Steve Heisler of The A.V. Club gave the episode a "D+" grade and wrote, "There should be something personal behind the action. But there isn't. Vince's actions, as his existence on the Hollywood map at all, still seem to be driven by other people and their actions. So tonight Vince finally loses it and snaps at E, demanding, among other things, that E find Sasha a part in his new movie. I can understand why somebody like Vince would do that. I don't really buy that Vince himself would, even given all the (quickly escalating) circumstances. Vince is by far the show's weakest link, and it's really starting to show." Allyssa Lee of Los Angeles Times wrote, "Of course, the Dallas Mavericks owner (who towers over his acting counterparts, by the way) was into wee Turtle's pitch, and seemed more than willing to pony up funds to get another tequila factory going. To which I say, really? Even for a show that revolves around wish fulfillment, this seemed way too good to be true."

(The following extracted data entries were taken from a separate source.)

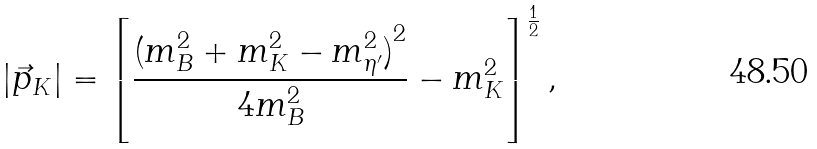<formula> <loc_0><loc_0><loc_500><loc_500>| \vec { p } _ { K } | = { \left [ \frac { { ( m _ { B } ^ { 2 } + m _ { K } ^ { 2 } - m _ { \eta ^ { \prime } } ^ { 2 } ) } ^ { 2 } } { 4 m _ { B } ^ { 2 } } - m _ { K } ^ { 2 } \right ] } ^ { \frac { 1 } { 2 } } \, ,</formula> 
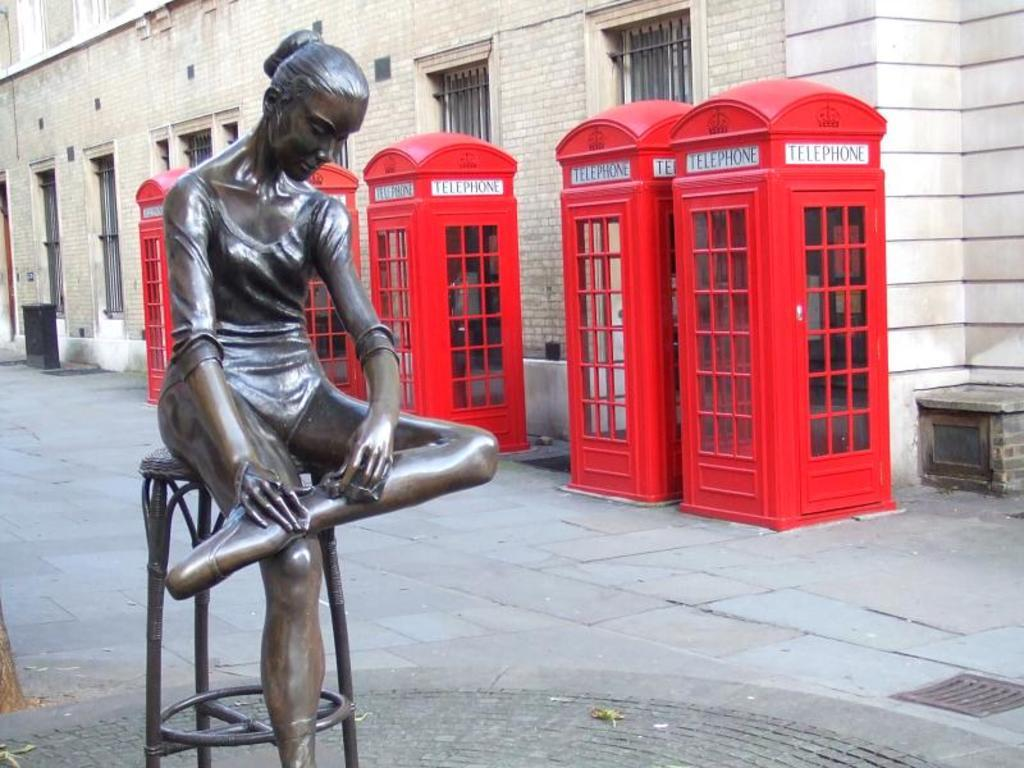What is the main subject in the image? There is a statue in the image. What other objects can be seen in the image? There are red color telephone booths and a building visible in the image. What architectural feature can be observed on the building? There are windows visible in the image. What type of button can be seen on the statue's clothing in the image? There is no button visible on the statue's clothing in the image. How does the statue rub its hands together in the image? The statue does not have the ability to rub its hands together, as it is a non-living object. 
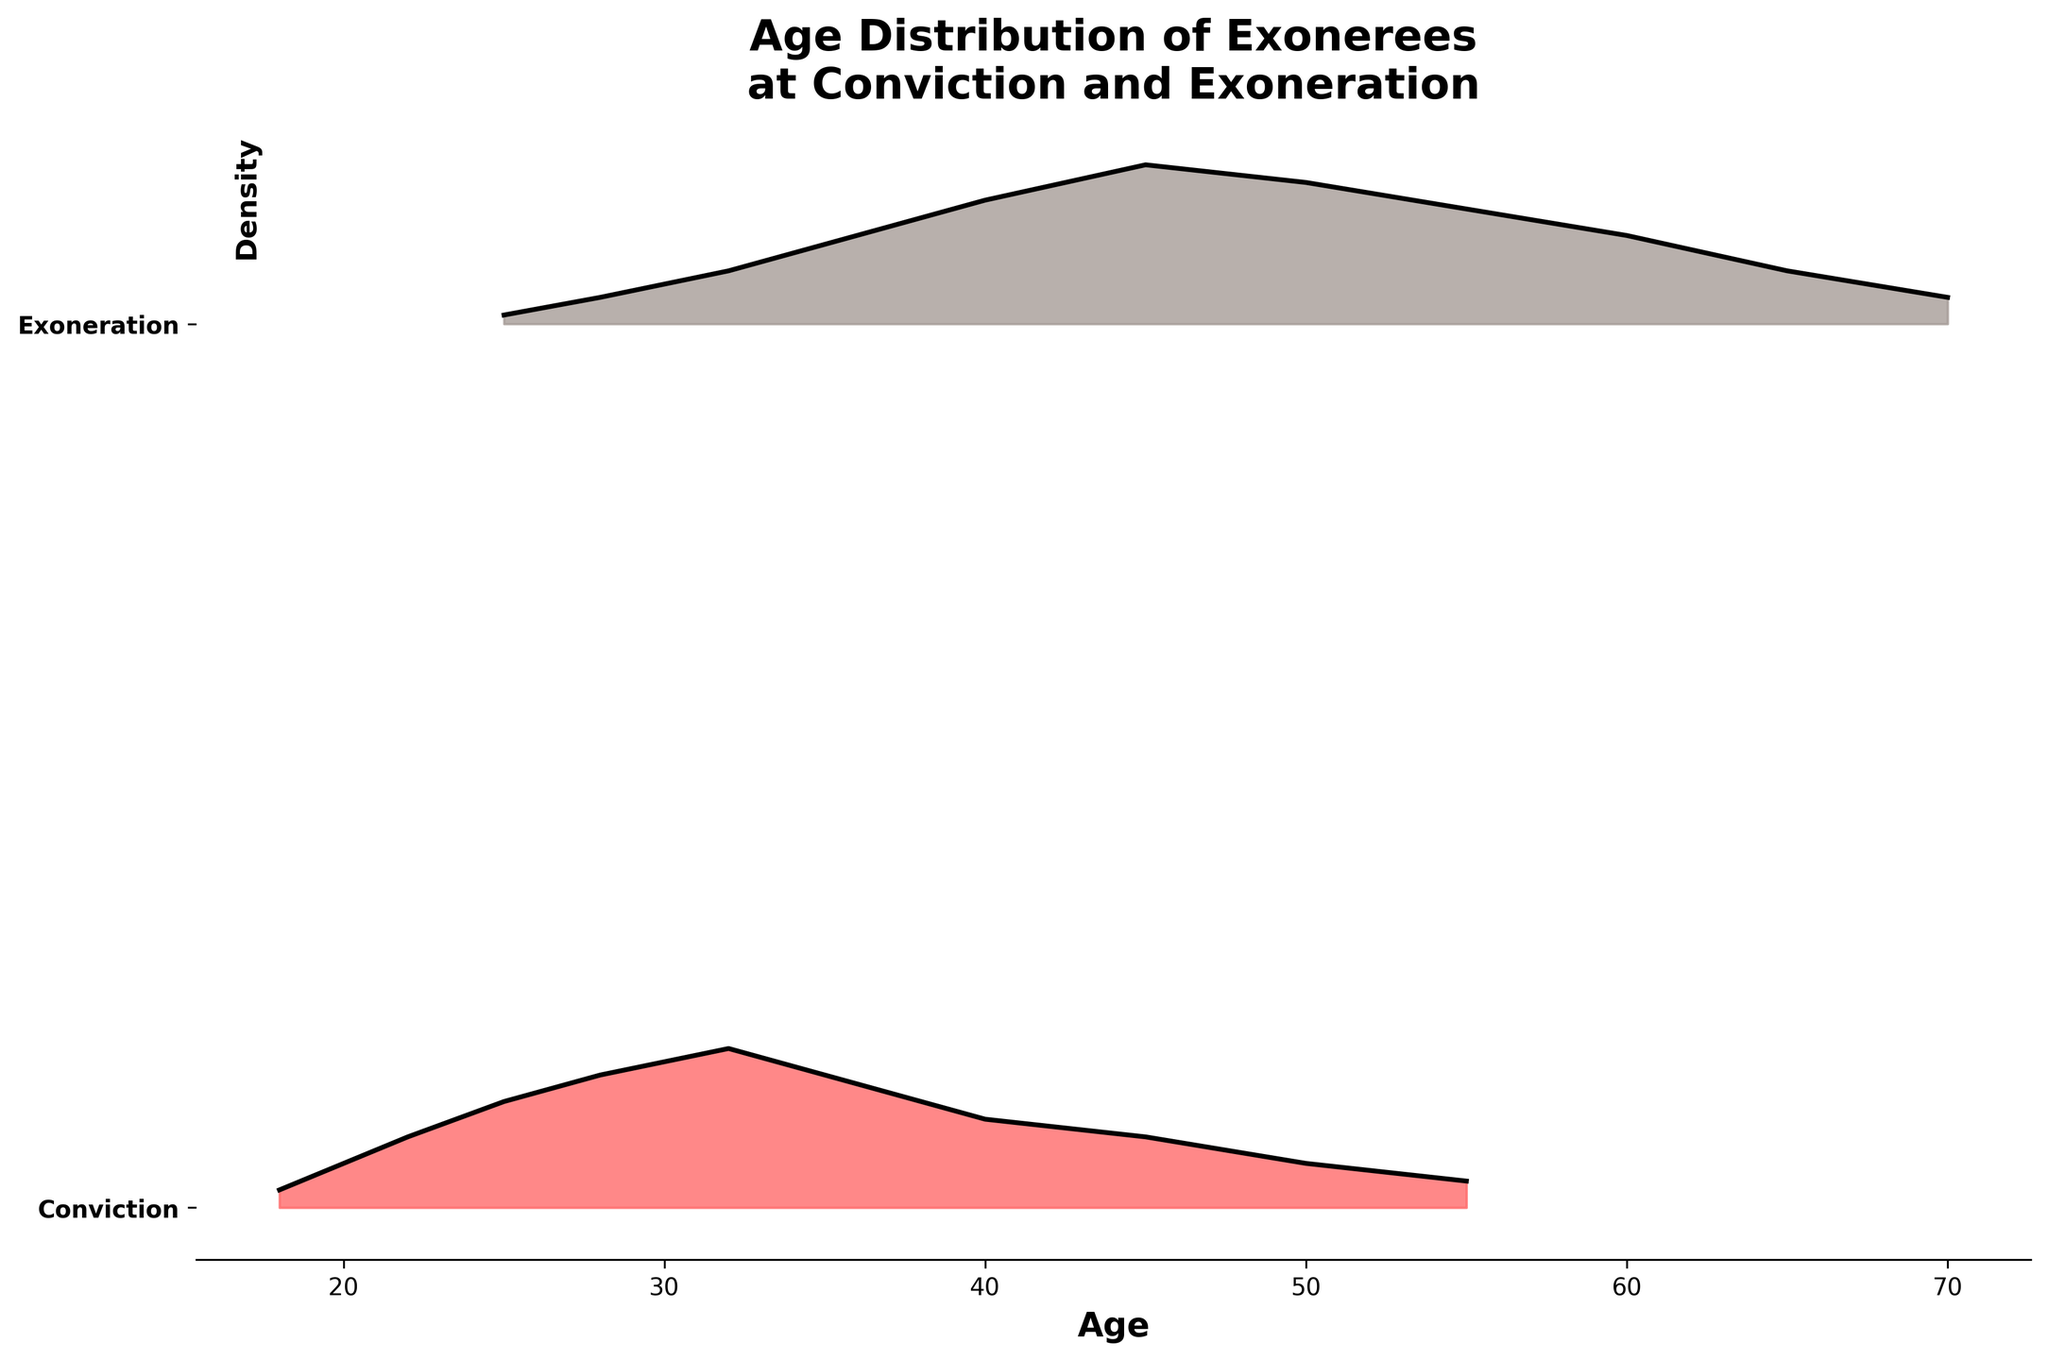What's the title of the plot? The title is located at the top of the plot and is clearly written.
Answer: Age Distribution of Exonerees at Conviction and Exoneration What is the x-axis label? The x-axis label is written below the horizontal axis of the plot.
Answer: Age How many categories are shown in the plot? There are two distinct y-axis labels which represent the categories.
Answer: Two In what age range is the density highest for convictions? The highest density for convictions can be observed around where the curve hits its peak above the x-axis.
Answer: 32 years What is the age range where exonerations are most frequent? The highest density for exonerations is where the peak of the exoneration curve is located above the x-axis.
Answer: 45 years Which category has a peak density at a higher age, Conviction or Exoneration? Comparing the positions of the peaks in both categories, the Exoneration category's peak is at a higher age than the Conviction category's peak.
Answer: Exoneration How does the shape of the density distribution differ between convictions and exonerations? The Conviction category has an early peak, and the density decreases as age increases, while the Exoneration category peaks at an older age and decreases gradually.
Answer: Convictions peak earlier, Exonerations peak later What is the approximate density value for exonerations at age 45? At age 45 on the x-axis, the height of the curve above the y-axis marks the density value.
Answer: 0.18 How does the density of exonerees at age 50 compare between Conviction and Exoneration? For age 50 on the x-axis, comparing the heights of the curves at this point for both categories reveals the relative densities.
Answer: Conviction: 0.05, Exoneration: 0.16 
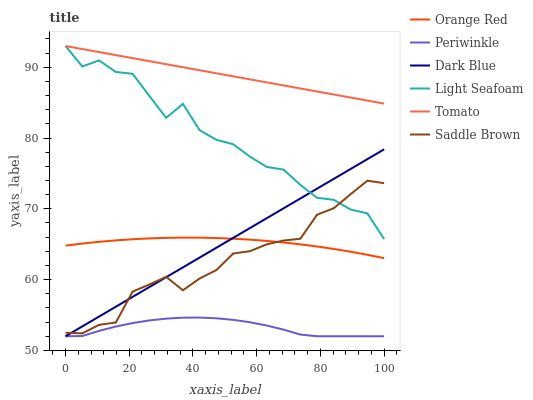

Josh Wigler of MTV wrote, "Really, the only character on the upswing is Drama, and he doesn't even know it. Although network executives are in love with director Billy Walsh's proposal for a Drama-led animated series, the elder Chase brother isn't interested in satirizing himself for all the world to see — but something tells me he'll change his mind by the time the season of Entourage is over." Eric Hochberger of TV Fanatic gave the episode a 2.5 star rating out of 5 and wrote, "So outside of a fantastic title, what did we think of the actual episode? After two strong episodes, we were a little disappointed with this week's installment."